6.2 Testing of developed spoken query system from farmers in the field

The spoken dialogue system is again developed for new ASR models. To check the on line speech recognition accuracy of newly developed spoken dialogue system, the 300 farmers are asked to test the system under uncontrolled environment. The Table 20 shows the performance evaluation of newly developed spoken query system by the farmers. It was observed in the table that, there is a much improvement in on line speech recognition accuracy with less failure of recognizing the speech utterances compared to the earlier spoken query system. Therefore, it can be inferred that the on line and off line (WERs of models) recognition rates are almost same as shown in Tables 19 and 20.

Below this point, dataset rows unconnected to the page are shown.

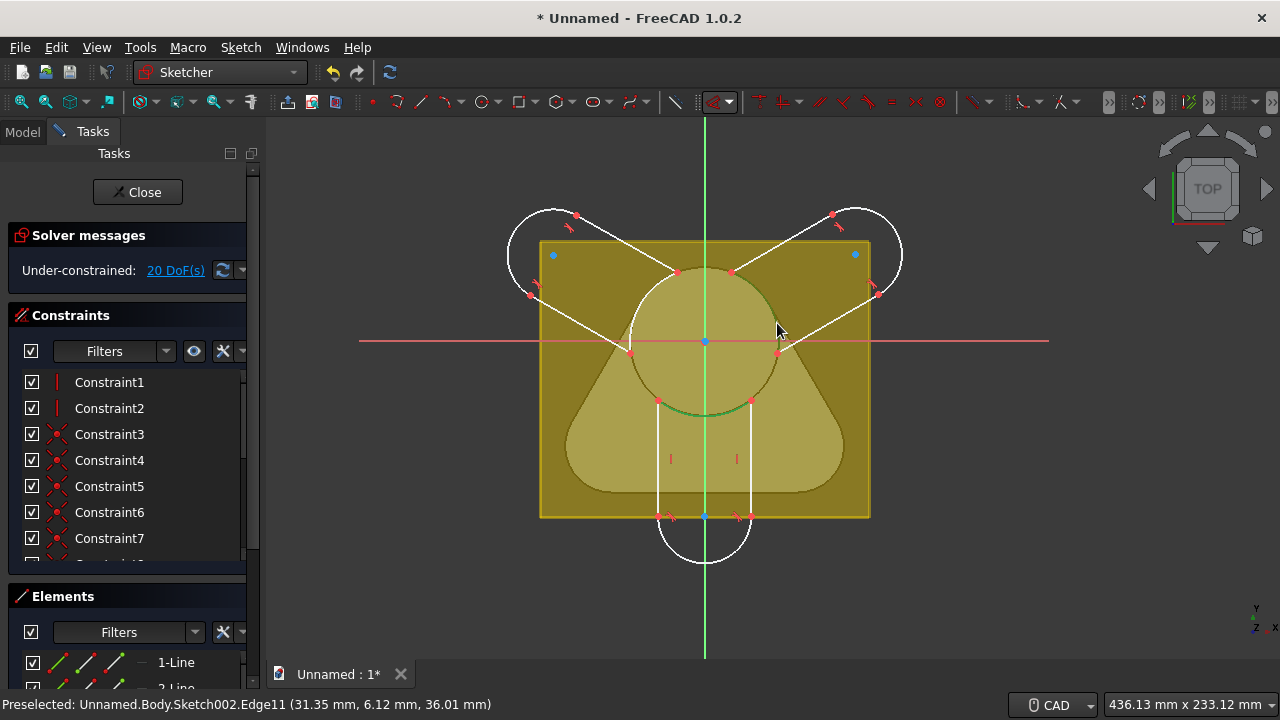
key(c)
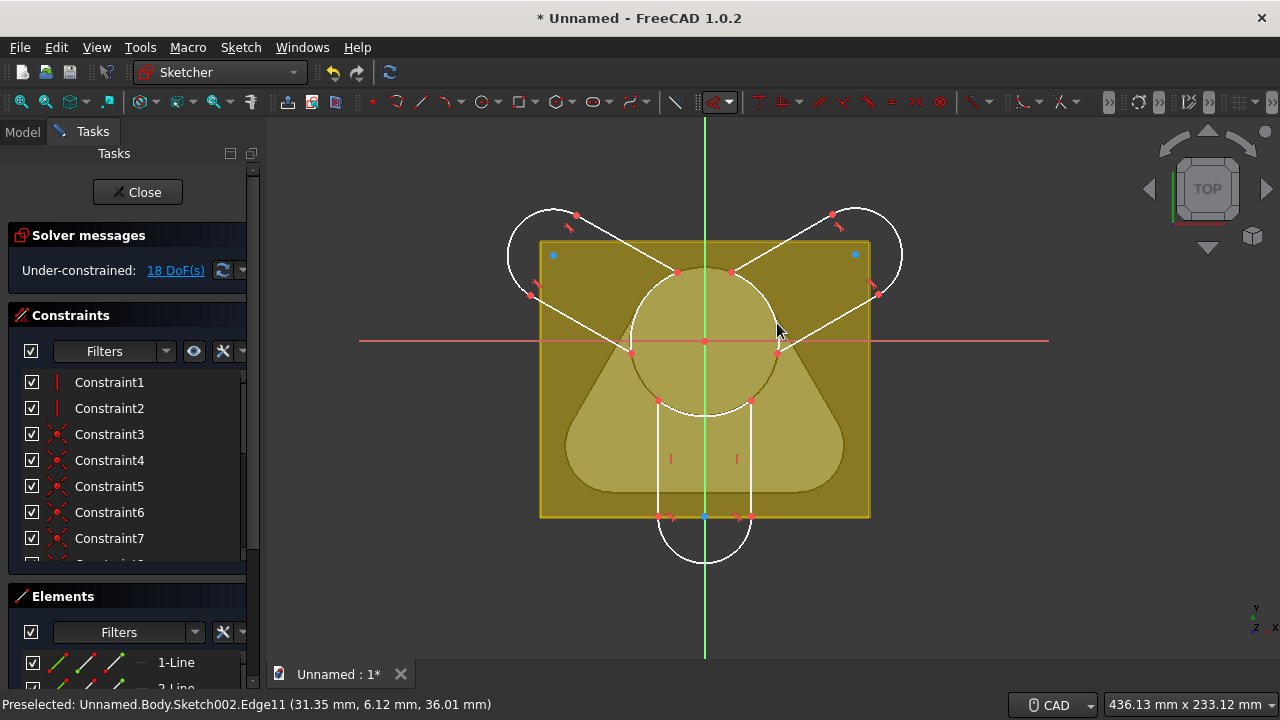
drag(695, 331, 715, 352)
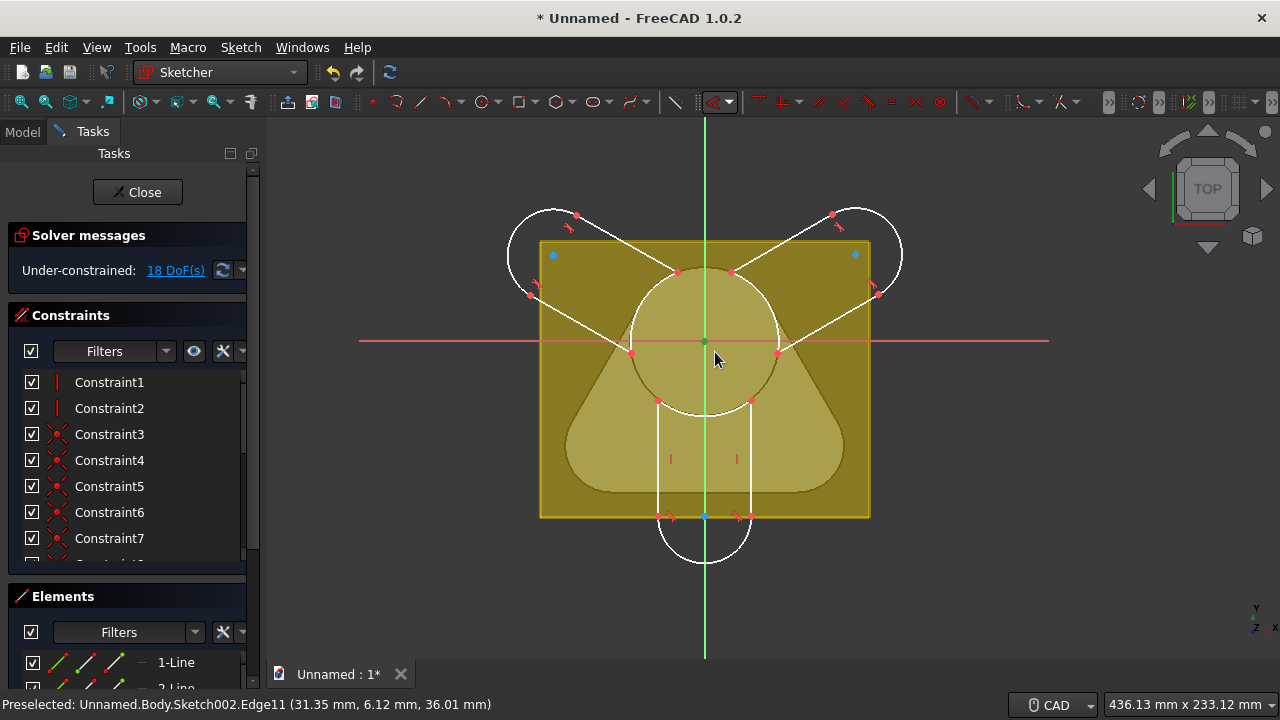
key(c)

Table 20 Performance evaluation of online speech recognition accuracy testing by farmers in field conditions

7 Conclusions

The improvements in recently developed Kannada ASR system is demonstrated in this work. A robust noise elimination technique is proposed for canceling the different types of noises in collected task specific speech data. The proposed method has given a better performance for Kannada and TIMIT speech databases compared to the individual methods for the same databases. An alternative ASR models (SGMM and DNN modeling techniques) were developed by using Kaldi toolkit. The SGMM-DNN ASR models are found to be outperformed compared to the conventional GMM-HMM based acoustic models. There is a better improvement in speech recognition accuracy of 7.68% in DNN-SGMM based acoustic models compared to earlier GMM-HMM based models. The achieved WERs are 12.78% and 10.80% for noisy speech data using SGMM and hybrid DNN based modeling techniques. The WERs of 11.77% and 9.60% are achieved for enhanced speech data using the same modeling techniques. Therefore, it can be inferred that there is a better improvement in accuracy of 1.2% for enhanced speech data compared to noisy speech data. The least WER models (SGMM and DNN based models) could be used in newly designed spoken query system. The earlier two spoken query systems are integrated together to form a single spoken query system. Therefore, the user/farmer can access the agricultural commodity prices/weather information in a single call flow. The Kannada ASR system is tested from the real farmers of Karnataka state under real time environment is also presented in this work.